(Stored records)
== Segment start ==

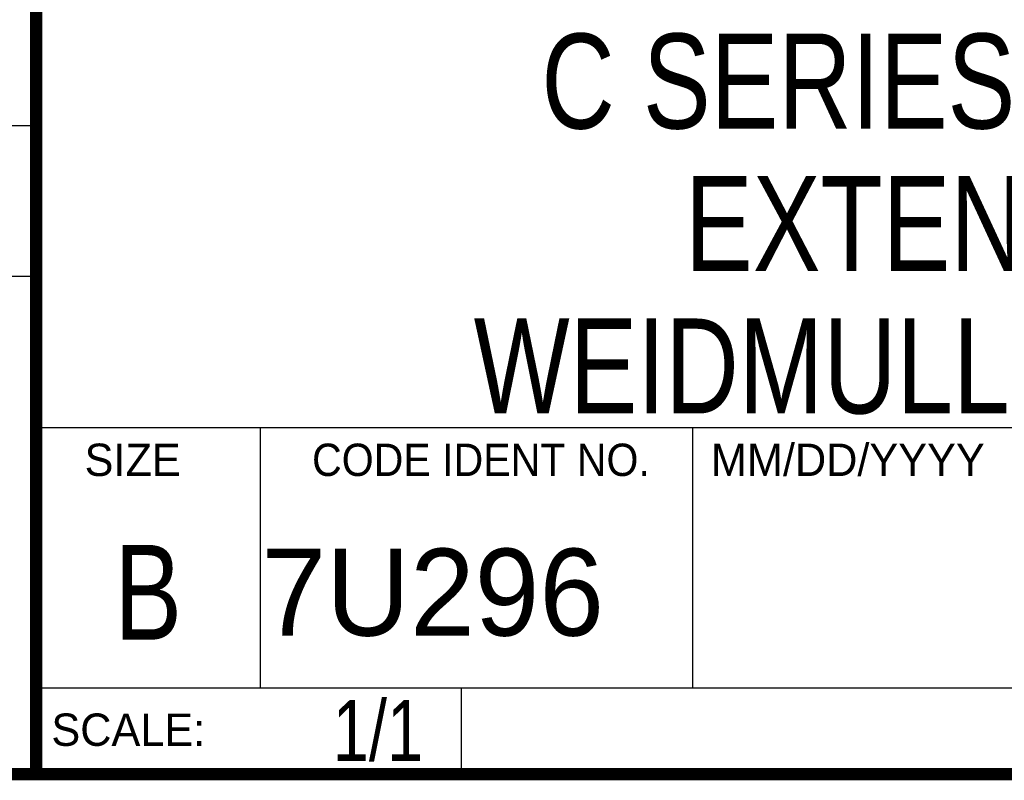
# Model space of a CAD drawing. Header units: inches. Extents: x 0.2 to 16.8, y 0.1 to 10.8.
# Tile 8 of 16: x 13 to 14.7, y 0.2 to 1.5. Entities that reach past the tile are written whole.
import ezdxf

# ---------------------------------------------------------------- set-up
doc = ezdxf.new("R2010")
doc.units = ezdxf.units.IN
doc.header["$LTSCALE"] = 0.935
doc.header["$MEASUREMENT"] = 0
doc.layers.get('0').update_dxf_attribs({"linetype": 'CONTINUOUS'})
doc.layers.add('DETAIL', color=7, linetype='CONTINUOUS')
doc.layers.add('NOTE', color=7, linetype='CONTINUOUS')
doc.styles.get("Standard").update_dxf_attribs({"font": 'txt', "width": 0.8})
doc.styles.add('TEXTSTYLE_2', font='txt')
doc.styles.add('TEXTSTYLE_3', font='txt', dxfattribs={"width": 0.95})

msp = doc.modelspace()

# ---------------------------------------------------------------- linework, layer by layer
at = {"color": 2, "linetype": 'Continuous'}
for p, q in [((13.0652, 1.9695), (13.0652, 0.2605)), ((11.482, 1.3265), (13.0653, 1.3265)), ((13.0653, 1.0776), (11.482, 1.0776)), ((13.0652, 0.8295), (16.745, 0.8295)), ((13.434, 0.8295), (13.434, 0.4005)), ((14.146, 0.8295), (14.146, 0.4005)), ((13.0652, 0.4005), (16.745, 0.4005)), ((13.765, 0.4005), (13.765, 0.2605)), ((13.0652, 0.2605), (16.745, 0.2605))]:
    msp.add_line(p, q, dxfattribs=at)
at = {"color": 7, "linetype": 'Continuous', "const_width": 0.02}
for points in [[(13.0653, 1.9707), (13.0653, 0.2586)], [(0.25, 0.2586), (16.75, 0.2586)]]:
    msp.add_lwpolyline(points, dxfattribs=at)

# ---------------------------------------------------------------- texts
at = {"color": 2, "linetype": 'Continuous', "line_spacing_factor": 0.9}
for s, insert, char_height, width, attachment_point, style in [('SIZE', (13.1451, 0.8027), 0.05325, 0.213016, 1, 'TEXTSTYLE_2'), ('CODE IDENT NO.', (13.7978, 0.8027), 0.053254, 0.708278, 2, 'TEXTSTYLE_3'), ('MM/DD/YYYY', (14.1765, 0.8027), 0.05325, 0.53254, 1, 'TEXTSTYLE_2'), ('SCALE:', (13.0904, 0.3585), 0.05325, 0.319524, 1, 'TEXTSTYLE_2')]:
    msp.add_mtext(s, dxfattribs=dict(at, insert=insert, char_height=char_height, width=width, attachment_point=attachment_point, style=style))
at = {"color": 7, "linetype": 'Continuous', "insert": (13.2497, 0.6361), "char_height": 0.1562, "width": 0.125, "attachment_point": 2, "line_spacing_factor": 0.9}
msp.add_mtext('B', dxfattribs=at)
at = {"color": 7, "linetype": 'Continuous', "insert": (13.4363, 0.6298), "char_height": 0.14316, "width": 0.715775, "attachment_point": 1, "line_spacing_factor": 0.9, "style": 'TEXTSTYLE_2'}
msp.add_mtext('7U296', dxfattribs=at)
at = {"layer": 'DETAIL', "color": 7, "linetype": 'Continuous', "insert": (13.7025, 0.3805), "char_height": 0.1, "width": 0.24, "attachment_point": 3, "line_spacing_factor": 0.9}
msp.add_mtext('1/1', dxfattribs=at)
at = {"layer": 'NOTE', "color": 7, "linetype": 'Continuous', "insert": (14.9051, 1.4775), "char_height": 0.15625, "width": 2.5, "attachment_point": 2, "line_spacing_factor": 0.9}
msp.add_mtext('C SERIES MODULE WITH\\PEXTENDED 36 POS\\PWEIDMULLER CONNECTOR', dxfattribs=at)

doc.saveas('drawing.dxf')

== Segment end ==

**The problem**.
Pull out all lines in the data above that include "color".

**Answer space**.
doc.layers.add('DETAIL', color=7, linetype='CONTINUOUS')
doc.layers.add('NOTE', color=7, linetype='CONTINUOUS')
at = {"color": 2, "linetype": 'Continuous'}
at = {"color": 7, "linetype": 'Continuous', "const_width": 0.02}
at = {"color": 2, "linetype": 'Continuous', "line_spacing_factor": 0.9}
at = {"color": 7, "linetype": 'Continuous', "insert": (13.2497, 0.6361), "char_height": 0.1562, "width": 0.125, "attachment_point": 2, "line_spacing_factor": 0.9}
at = {"color": 7, "linetype": 'Continuous', "insert": (13.4363, 0.6298), "char_height": 0.14316, "width": 0.715775, "attachment_point": 1, "line_spacing_factor": 0.9, "style": 'TEXTSTYLE_2'}
at = {"layer": 'DETAIL', "color": 7, "linetype": 'Continuous', "insert": (13.7025, 0.3805), "char_height": 0.1, "width": 0.24, "attachment_point": 3, "line_spacing_factor": 0.9}
at = {"layer": 'NOTE', "color": 7, "linetype": 'Continuous', "insert": (14.9051, 1.4775), "char_height": 0.15625, "width": 2.5, "attachment_point": 2, "line_spacing_factor": 0.9}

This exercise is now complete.